Two graphs side-by-side showing execution time lagging for traditional clouds and a fast iteration and execution time for NVIDIA Cloud platform and Supercomputing
Figure 2. Benefits of performance isolation

Purpose built for secure, multitenant, bare-metal performance

NVIDIA Cloud-Native Supercomputing architecture uses Magnum IO to bring together maximum performance, security, and orchestration in a multitenant environment.  

To block diagrams side by side showing the management moving from the host to the BlueField DPU in isolation.
Figure 3. Migration to Cloud-Native Supercomputing architecture with DPU

Another core element that enables this architecture transition is the data processing unit (DPU), also known as BlueField.  As a fully integrated data center-on-a-chip platform, BlueField offloads and manages data center infrastructure instead of the host processor, enabling security and orchestration of the supercomputer. 
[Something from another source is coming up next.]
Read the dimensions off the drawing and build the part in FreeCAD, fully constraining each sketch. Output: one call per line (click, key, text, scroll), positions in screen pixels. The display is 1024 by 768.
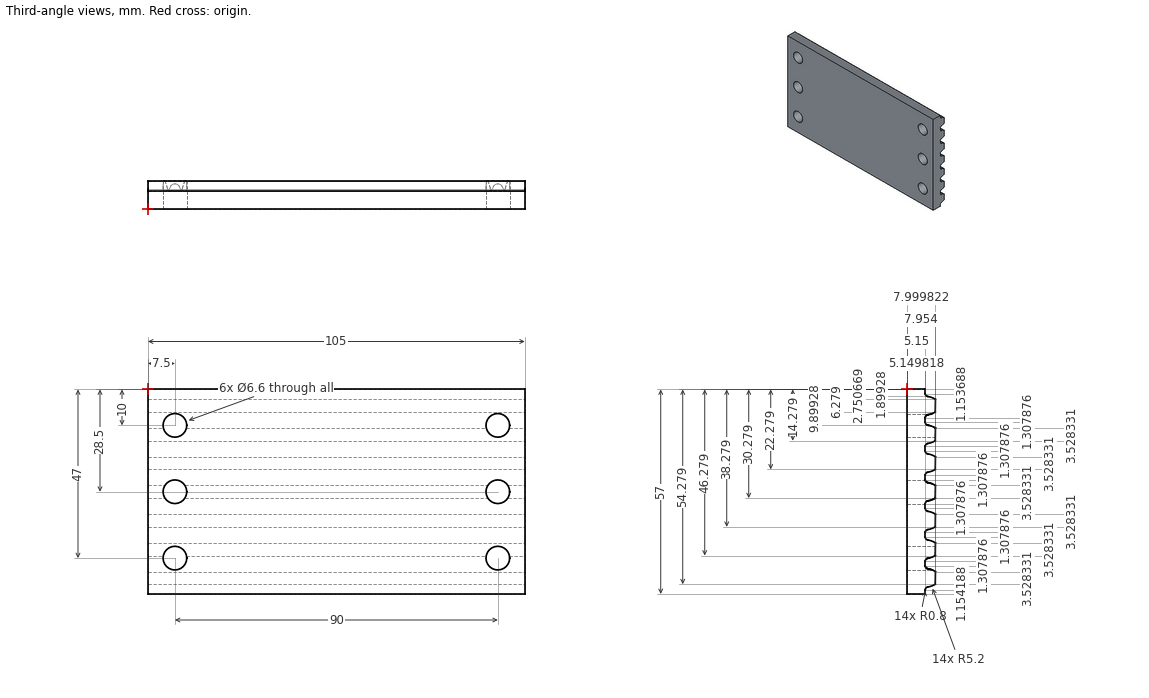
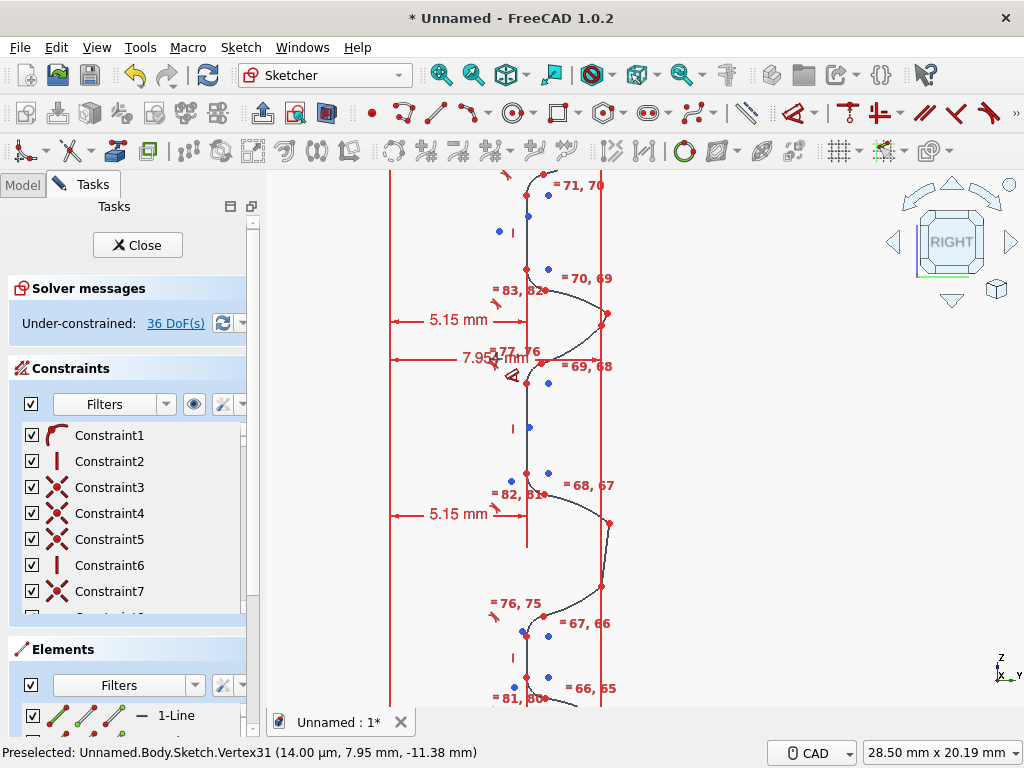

BlueField can also provide additional offloads of the communication frameworks, yielding 100% communication-computation overlap while achieving an exceptional 44% performance increase for MPI_Alltoall and a 36% performance increase for MPI_iAllgather. When combined with the latest advancements of NVIDIA Quantum-2, this architecture showcases performance isolation for bare-metal performance, in a secure multinode architecture.

Magnum IO removes I/O bottlenecks and exposes the latest in hardware-level acceleration engines, in-network computing, and congestion control that is necessary to support today’s multitenant data centers with bare-metal performance.